*TASK REQUIREMENTS*. Copy the lines below that contain "object".

*Records from a collection*.
----

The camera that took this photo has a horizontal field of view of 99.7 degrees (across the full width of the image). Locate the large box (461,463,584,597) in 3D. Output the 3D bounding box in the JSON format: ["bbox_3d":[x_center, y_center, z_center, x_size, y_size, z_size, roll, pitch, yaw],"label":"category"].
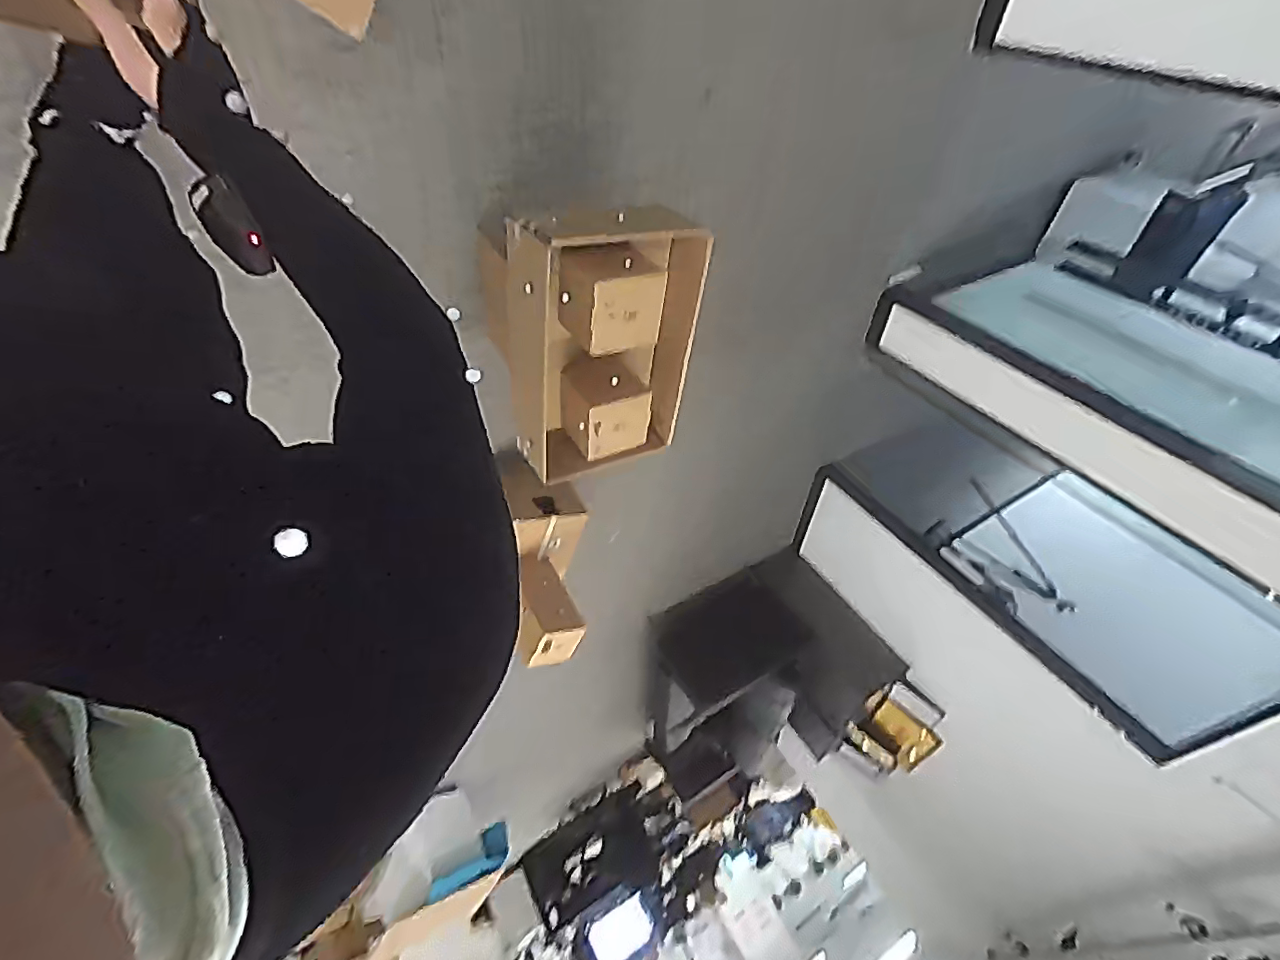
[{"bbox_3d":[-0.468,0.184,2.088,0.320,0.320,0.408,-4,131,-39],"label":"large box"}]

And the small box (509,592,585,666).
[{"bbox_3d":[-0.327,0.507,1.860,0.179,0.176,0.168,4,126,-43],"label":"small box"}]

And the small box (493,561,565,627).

----

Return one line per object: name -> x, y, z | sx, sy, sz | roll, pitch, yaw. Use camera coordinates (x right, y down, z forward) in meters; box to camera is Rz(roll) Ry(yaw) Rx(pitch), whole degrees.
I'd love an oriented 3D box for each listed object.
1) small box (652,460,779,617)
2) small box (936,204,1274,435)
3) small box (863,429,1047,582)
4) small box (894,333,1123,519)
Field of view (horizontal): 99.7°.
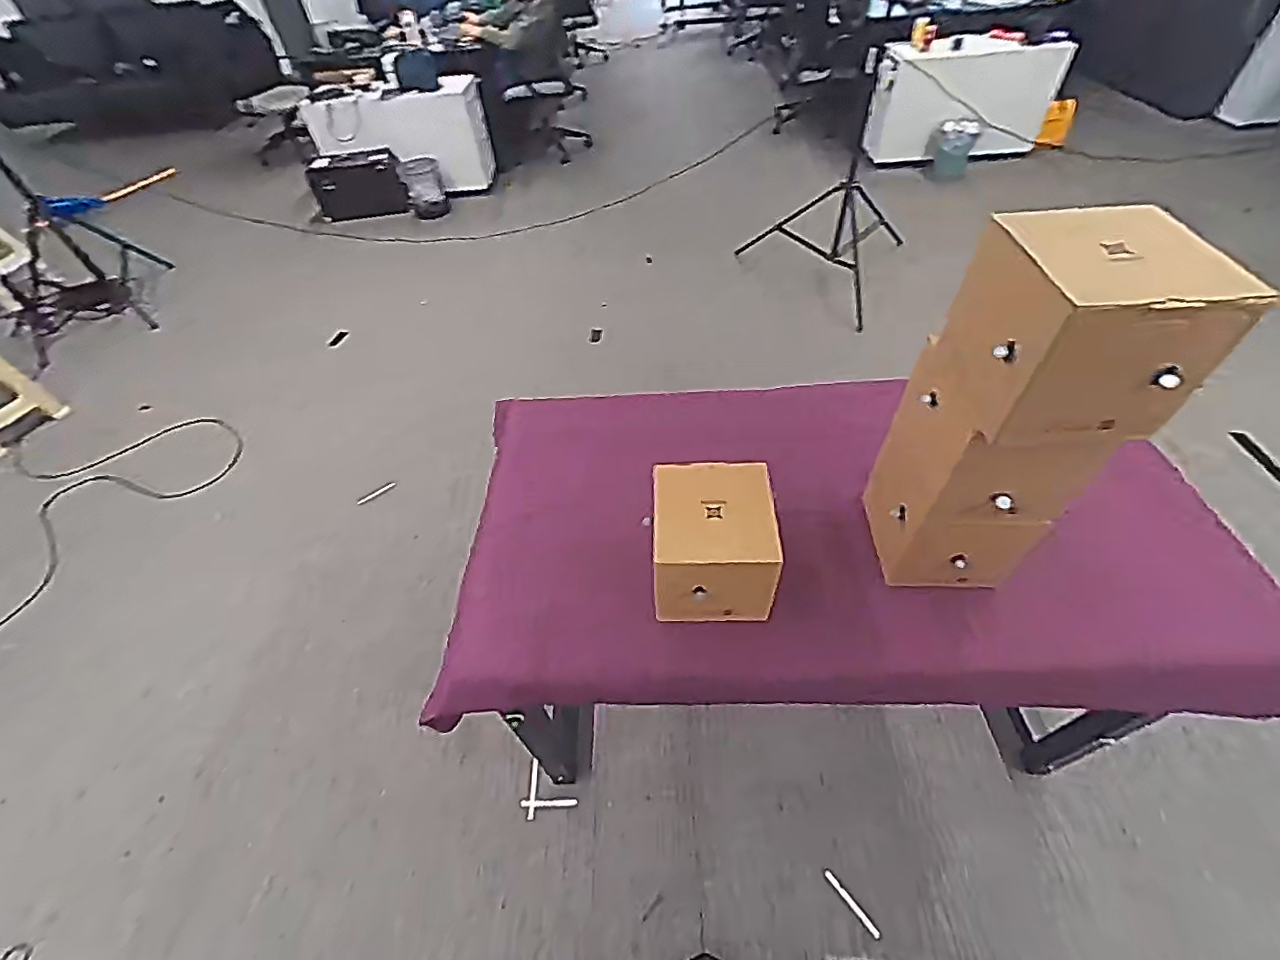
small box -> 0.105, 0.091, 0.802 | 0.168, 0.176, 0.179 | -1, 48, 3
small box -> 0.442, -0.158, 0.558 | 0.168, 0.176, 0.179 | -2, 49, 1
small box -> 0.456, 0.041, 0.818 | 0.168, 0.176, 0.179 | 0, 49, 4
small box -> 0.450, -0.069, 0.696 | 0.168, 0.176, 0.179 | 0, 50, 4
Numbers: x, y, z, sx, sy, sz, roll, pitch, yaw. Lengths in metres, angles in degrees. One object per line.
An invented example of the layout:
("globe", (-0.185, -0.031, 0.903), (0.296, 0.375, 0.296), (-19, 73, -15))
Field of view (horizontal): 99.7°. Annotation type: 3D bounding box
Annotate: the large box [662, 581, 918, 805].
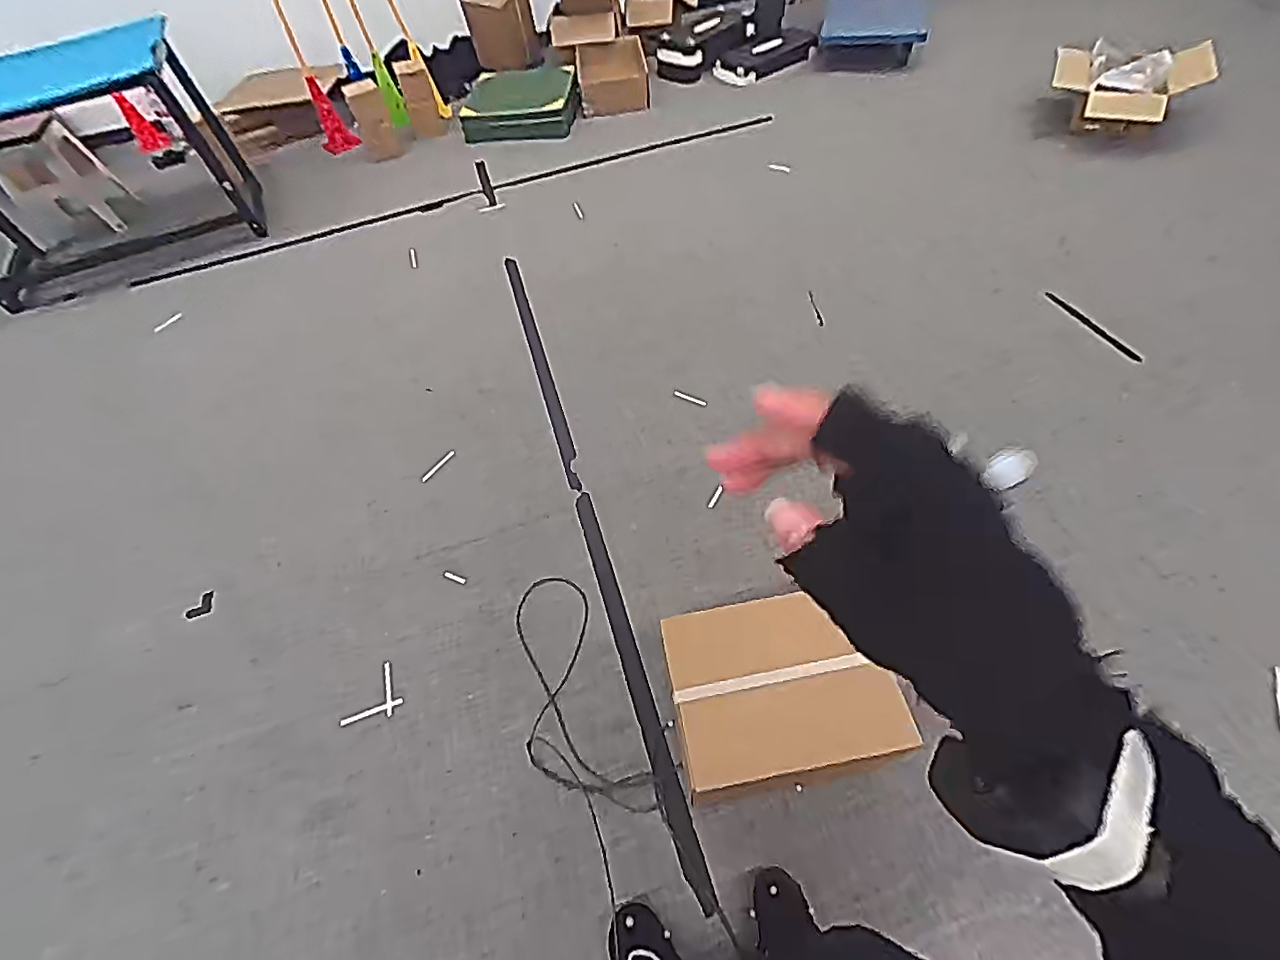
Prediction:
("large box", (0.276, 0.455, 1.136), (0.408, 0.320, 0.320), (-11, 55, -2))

----

*RESPONSE TO THE EXERCISE*.
Return one line per object: name -> x, y, z | sx, sy, sz | roll, pitch, yaw. Use camera coordinates (x right, y down, z forward) in meters; box to camera is Rz(roll) Ry(yaw) Rx(pitch), whole degrees.
I'd love an oriented 3D box for each listed object.
Numbers: x, y, z, sx, sy, sz, roll, pitch, yaw. Lengths in metres, angles in degrees. One object per line.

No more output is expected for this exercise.